Il Taser è una pistola che non spara proiettili, ma lancia due dardi uncinati, a seconda della cartuccia utilizzata, da 4,5 fino a circa 11 metri, collegati ad un generatore di alta tensione da un sottile filo conduttore isolato. Il Taser trasmette una scarica elettrica ad alto voltaggio e bassa intensità che interrompe il controllo dei muscoli, inducendone una contrazione involontaria. Ciò accade anche se i dardi raggiungono solo gli indumenti della “vittima” .

Il sito ferraratoday.it ha ospitato un botta e risposta sull’introduzione di una dotazione di taser alla polizia locale di Ferrara. Potete leggere l’intervento dell’associazione Cittadini del Mondo qui e la risposta del sindacato Sulpl (Sindacato Unitario Lavoratori Polizia Locale) qui.

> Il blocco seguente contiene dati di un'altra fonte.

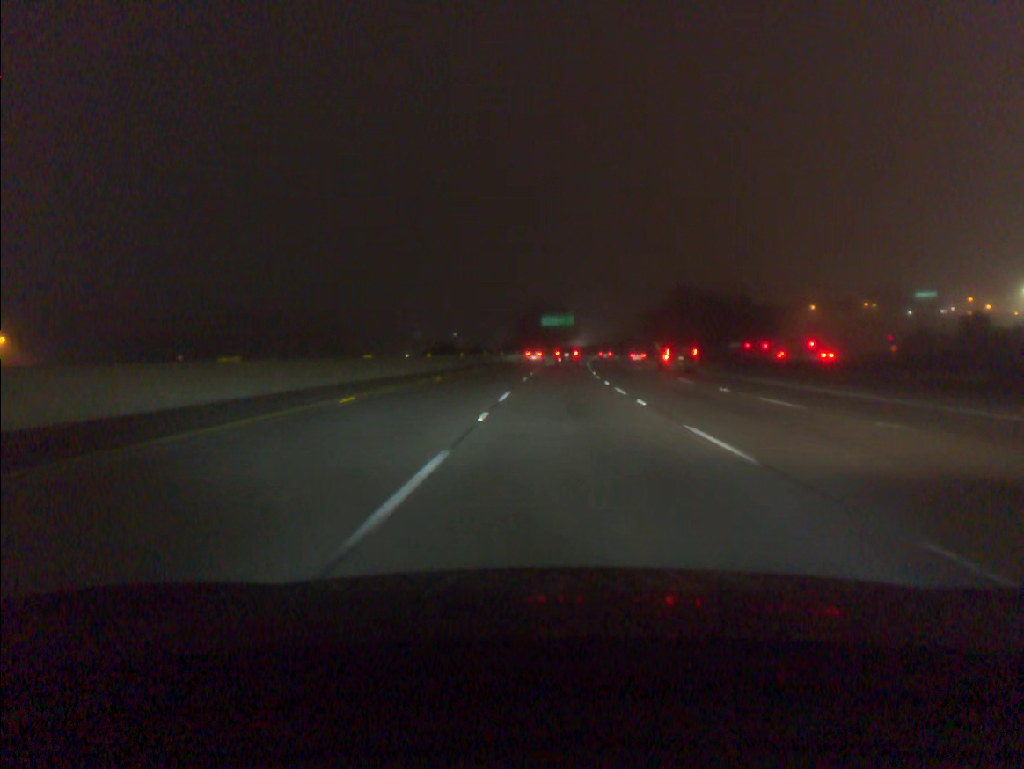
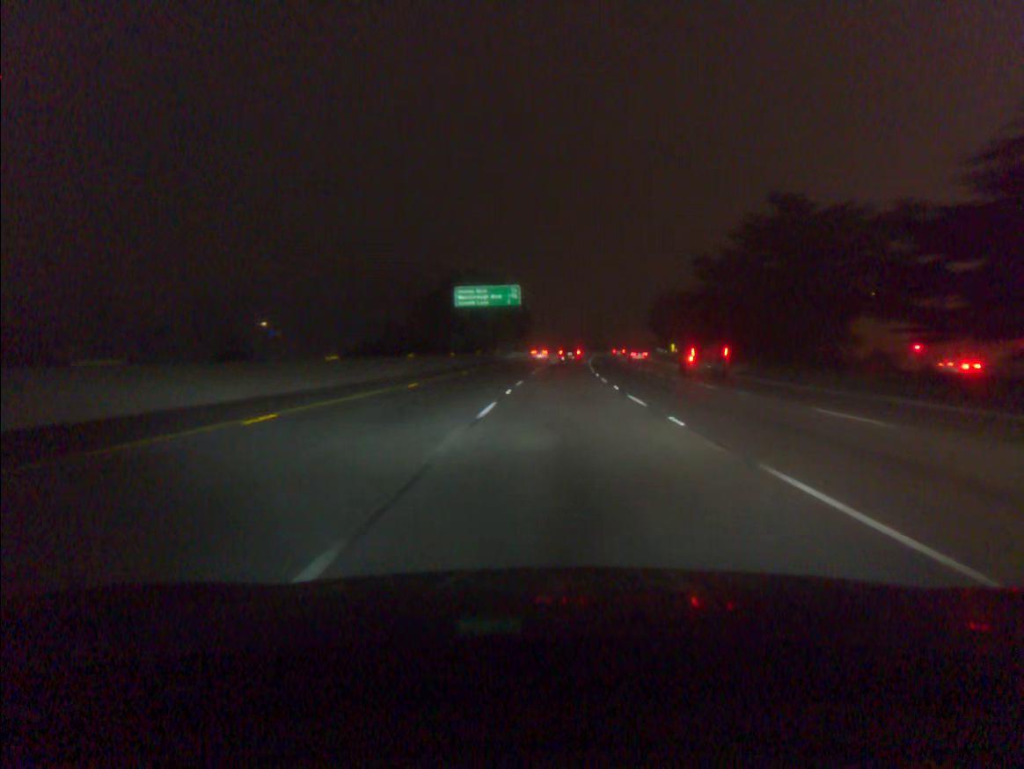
(+3.3, +92.9) m; +4°
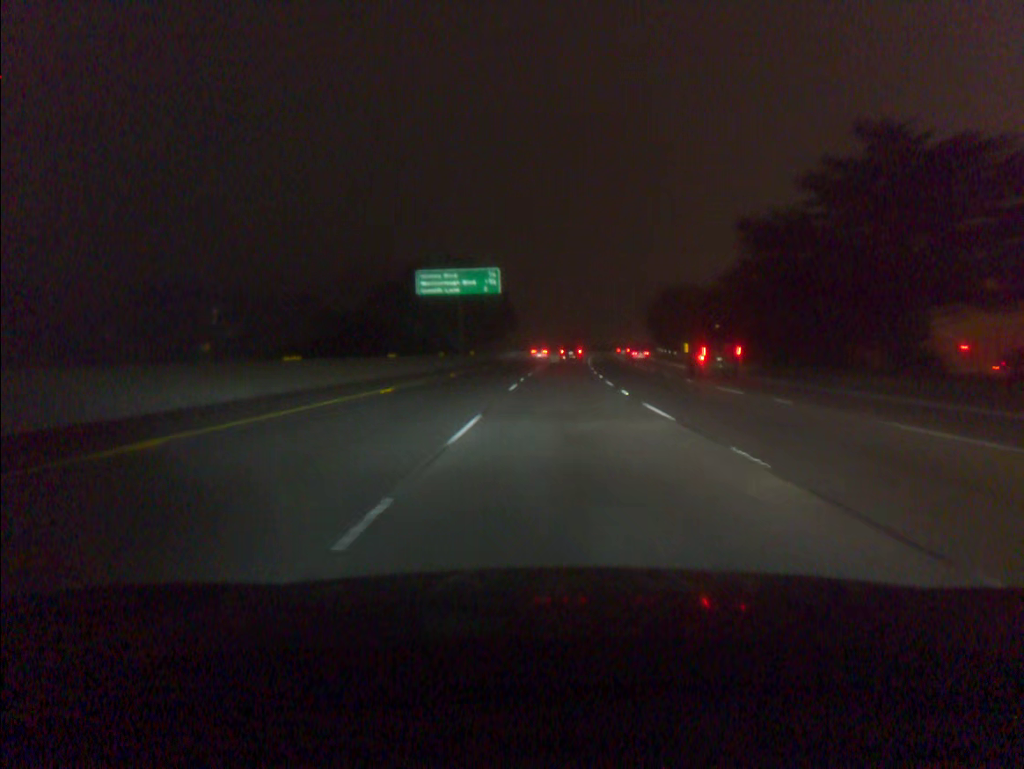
(+0.1, +18.8) m; +1°
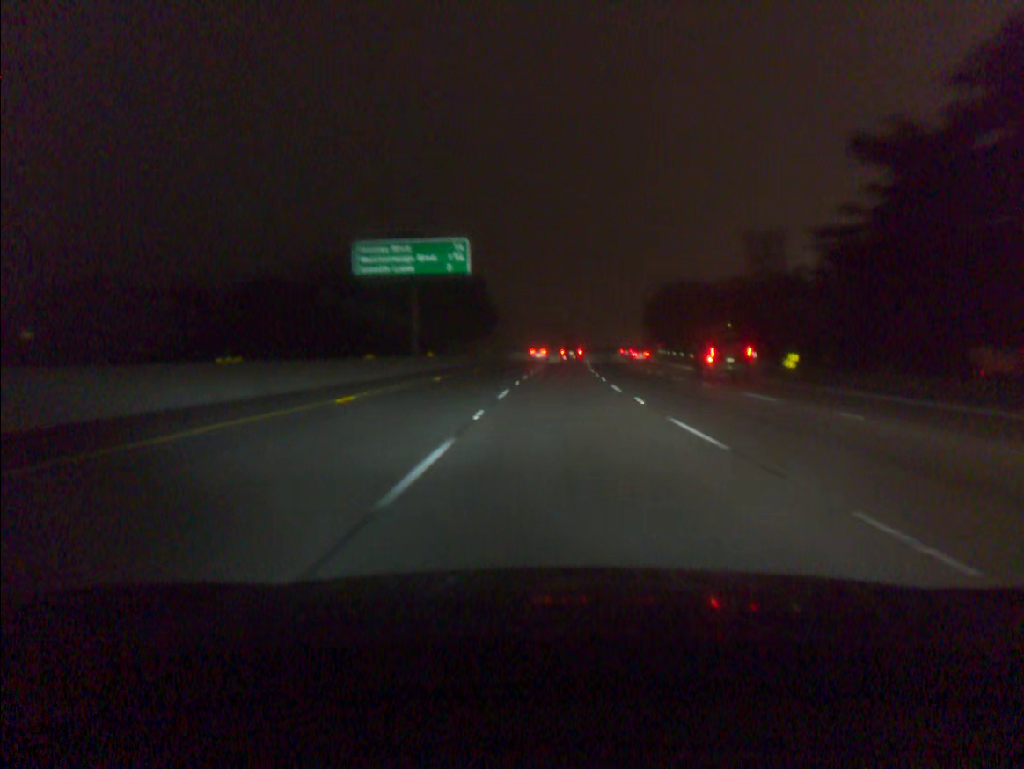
(+0.2, +18.9) m; +1°
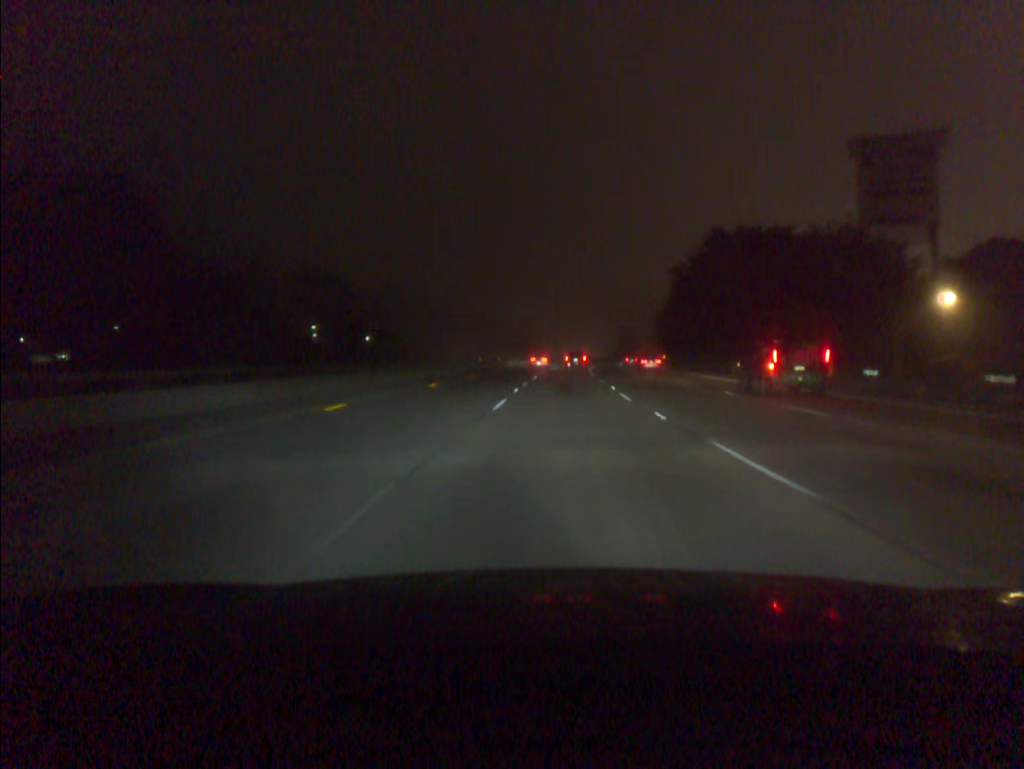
(+2.4, +76.1) m; +4°
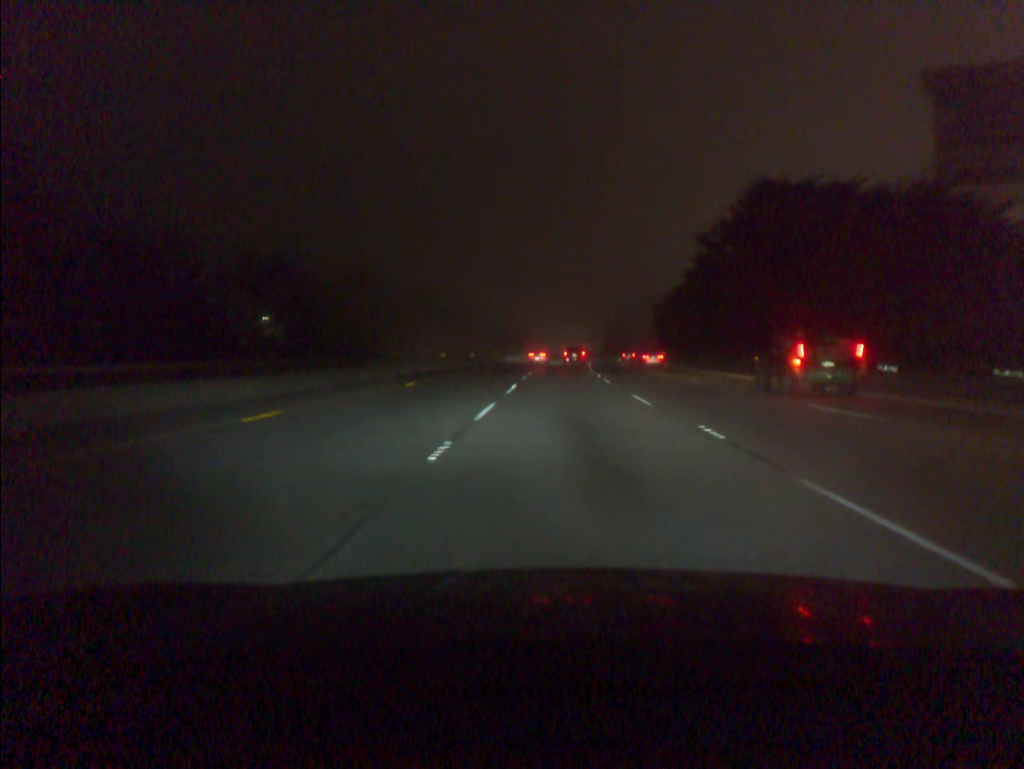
(+0.1, +19.1) m; +1°
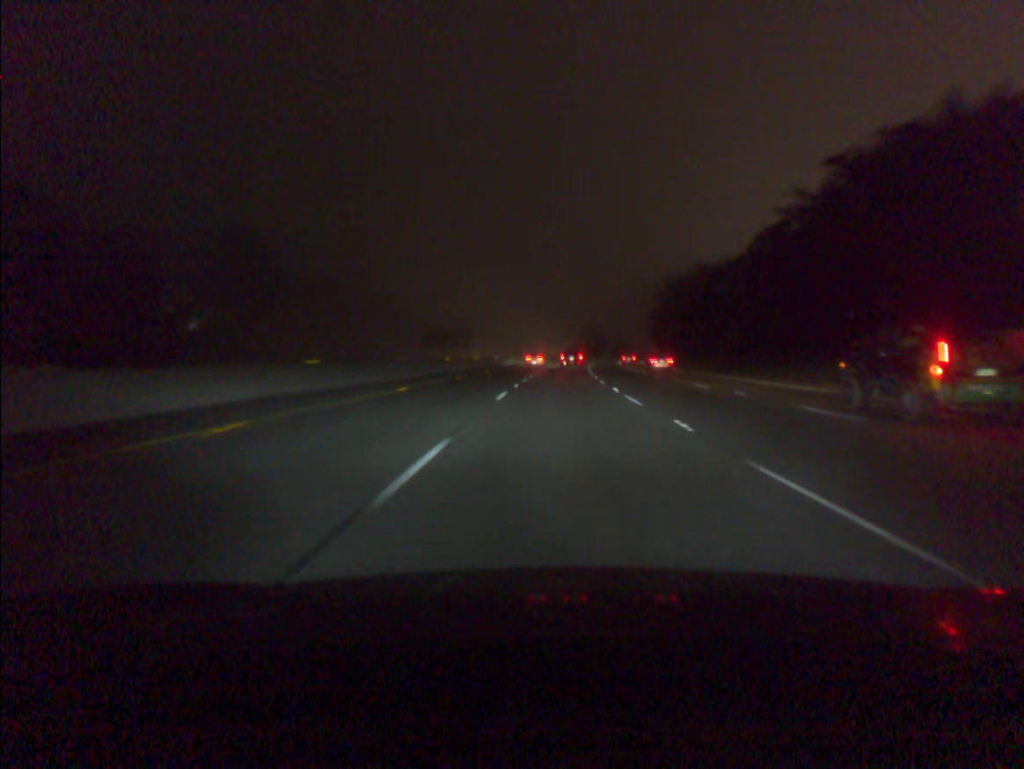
(+1.4, +57.1) m; +3°

Riporto sull’argomento l’estratto di un interessante articolo pubblicato sul sito Valigia Blu (integralmente leggibile qui):

“Nel 2015 Washington Post scriveva che circa una persona la settimana era morta quell’anno in episodi in cui era stato utilizzato un taser, e in almeno una dozzina di casi l’arma era stata individuata come una delle cause dirette del decesso.Da diversi anni il garante per i diritti dei detenuti Mauro Palma ha messo in guardia sui rischi dell’introduzione del taser, e oggi ribadisce che si tratta di un’arma a tutti gli effetti, su cui fare molta attenzione. “… Prima di dotare le forze di polizia dei taser, sono stati organizzati corsi teorici e pratici, ma questo non basta: c’è bisogno di continuare a fare formazione. Una perplessità rimane sugli agenti di polizia municipale: i vigili urbani saranno davvero preparati a usare queste armi? Che tipo di formazione hanno ricevuto?”.

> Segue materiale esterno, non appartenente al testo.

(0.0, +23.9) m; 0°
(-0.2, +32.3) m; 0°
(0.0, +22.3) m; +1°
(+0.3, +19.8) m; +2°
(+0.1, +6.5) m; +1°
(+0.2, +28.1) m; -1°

Evito appositamente di riportare le considerazioni di Amnesty, di Antigone, e di tutte quelle associazioni che, secondo una parte dell’opinione pubblica e degli operatori di polizia, sono animate da un’ideologia che pone grande attenzione ai diritti dei “cattivi” e trascura i diritti dei  “buoni”. Personalmente, sia chiaro, non sono d’accordo con questa opinione. Tuttavia, in questa sede preferisco sposare, per quanto mi è possibile, l’ottica degli operatori, di chi lavora sulla strada, ed è per questo che l’estratto che ho riportato mi sembra significativo: perché le considerazioni ivi fatte si appuntano molto sui temi dell’addestramento e della formazione.

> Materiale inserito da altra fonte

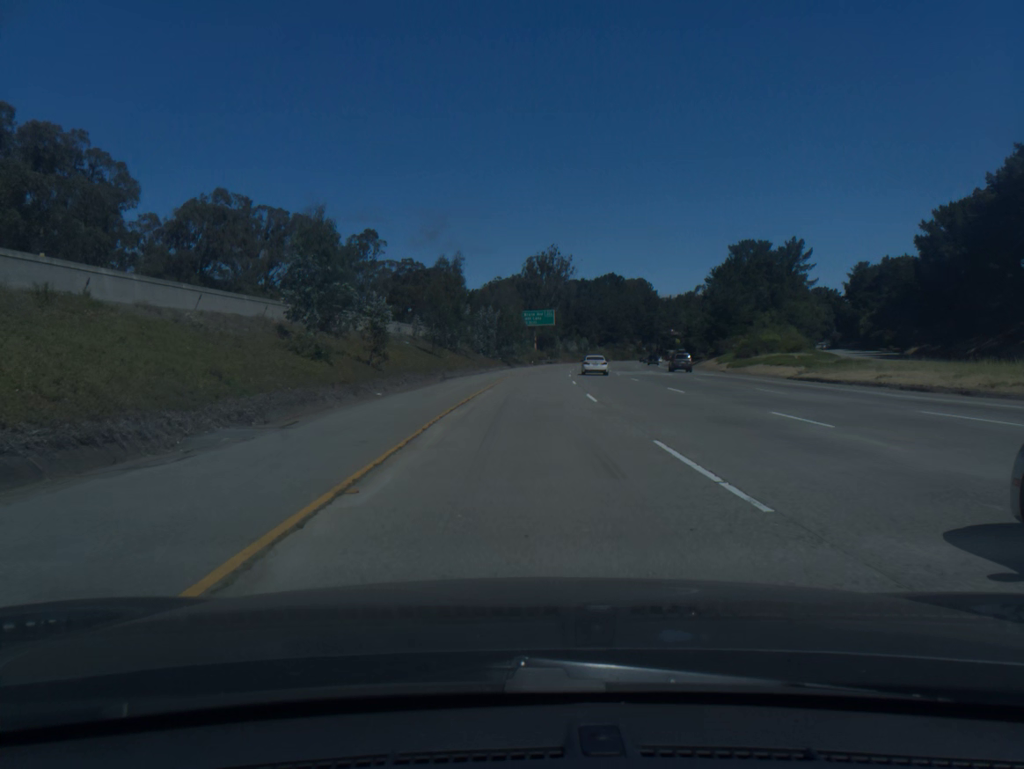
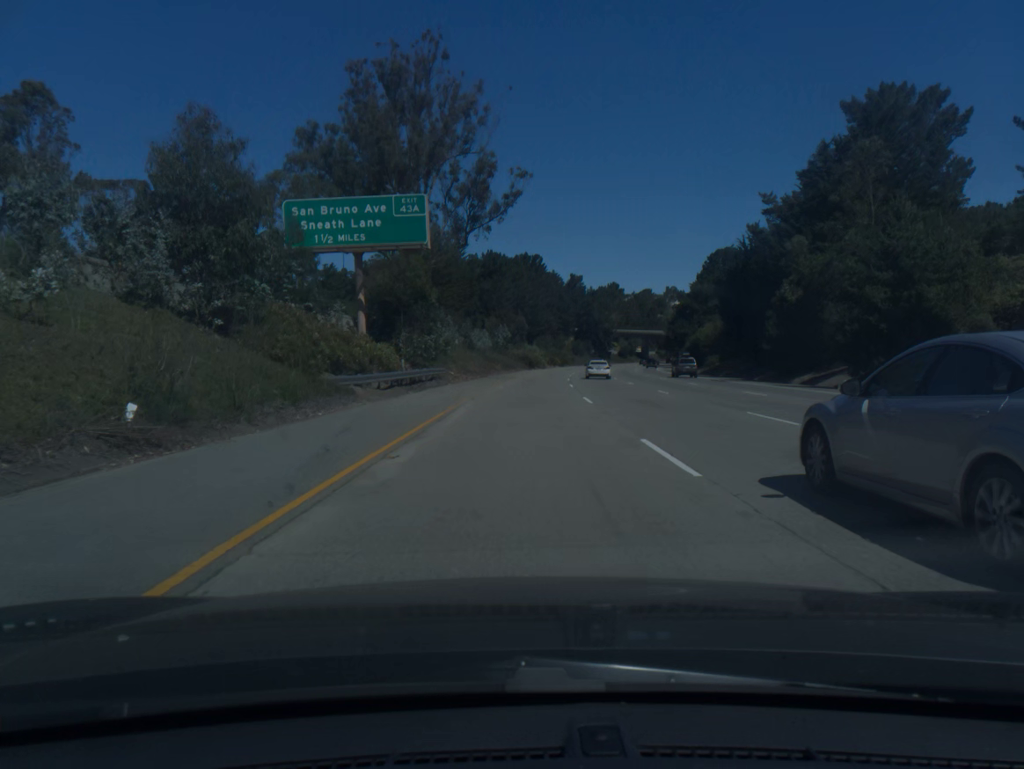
(+6.0, +101.0) m; +7°
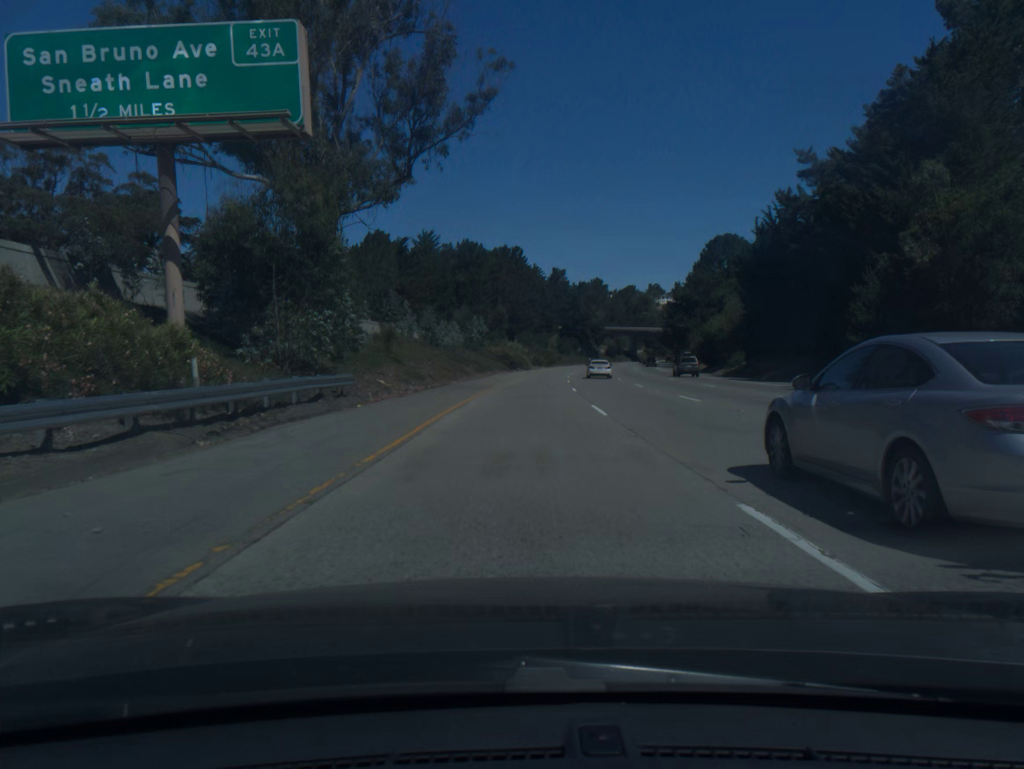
(+0.2, +20.3) m; +1°

So bene che un conto è mettere sulla bilancia gli interessi e i diritti astrattamente intesi, un altro conto è trovarsi nella situazione concreta e dover prendere delle decisioni immediate in presenza di rischi, anche potenziali, per sè o altri – compresa la persona da “contenere”. Sotto questo profilo però debbo rilevare che alcune affermazioni del Sulpl sono viziate da un pregiudizio ideologico, come minimo, uguale e contrario a quello che rimproverano a Cittadini del Mondo. Tipo questa:  “allo stato attuale il taser appare davvero come l’unica alternativa possibile allo scontro fisico diretto, ben più pericoloso per tutti gli attori in campo (possibilità di lesioni anche importanti, sia per gli operatori di polizia che per il soggetto da contenere, contenziosi legali, gogne mediatiche e onnipresenti accuse di abuso provenienti dalle fonti più disparate).”

Mi domando: perchè una pistola che manda scariche elettriche dovrebbe essere considerata l’unica alternativa allo “scontro” fisico? Se un operatore di polizia è correttamente formato e addestrato, la contenzione fisica di una persona disarmata dovrebbe essere la regola. I “contenziosi legali, la gogna mediatica, le onnipresenti accuse di abuso” evocano l’ennesima polemica postuma su qualcosa che non corrisponde ai fatti acclarati. A meno che le sentenze definitive della magistratura – su casi che conosciamo, tra i quali uno che ha segnato la storia della nostra città – non vengano considerate alla stregua di “gogna mediatica”. Il ricorso ad un’arma propria che, nella maggior parte dei casi, pone in una situazione sproporzionata in partenza tra azione e reazione – in cui la sproporzione è della reazione contro l’azione – non può essere la scorciatoia per ovviare a carenze di addestramento. Essere addestrati per contenere fisicamente, in più di uno, una persona disarmata che fa resistenza o dà in escandescenze, dovrebbe essere parte del bagaglio professionale del poliziotto. Altrimenti si chiede l’autorizzazione a scambiare un deficit formativo con la dotazione di un’arma.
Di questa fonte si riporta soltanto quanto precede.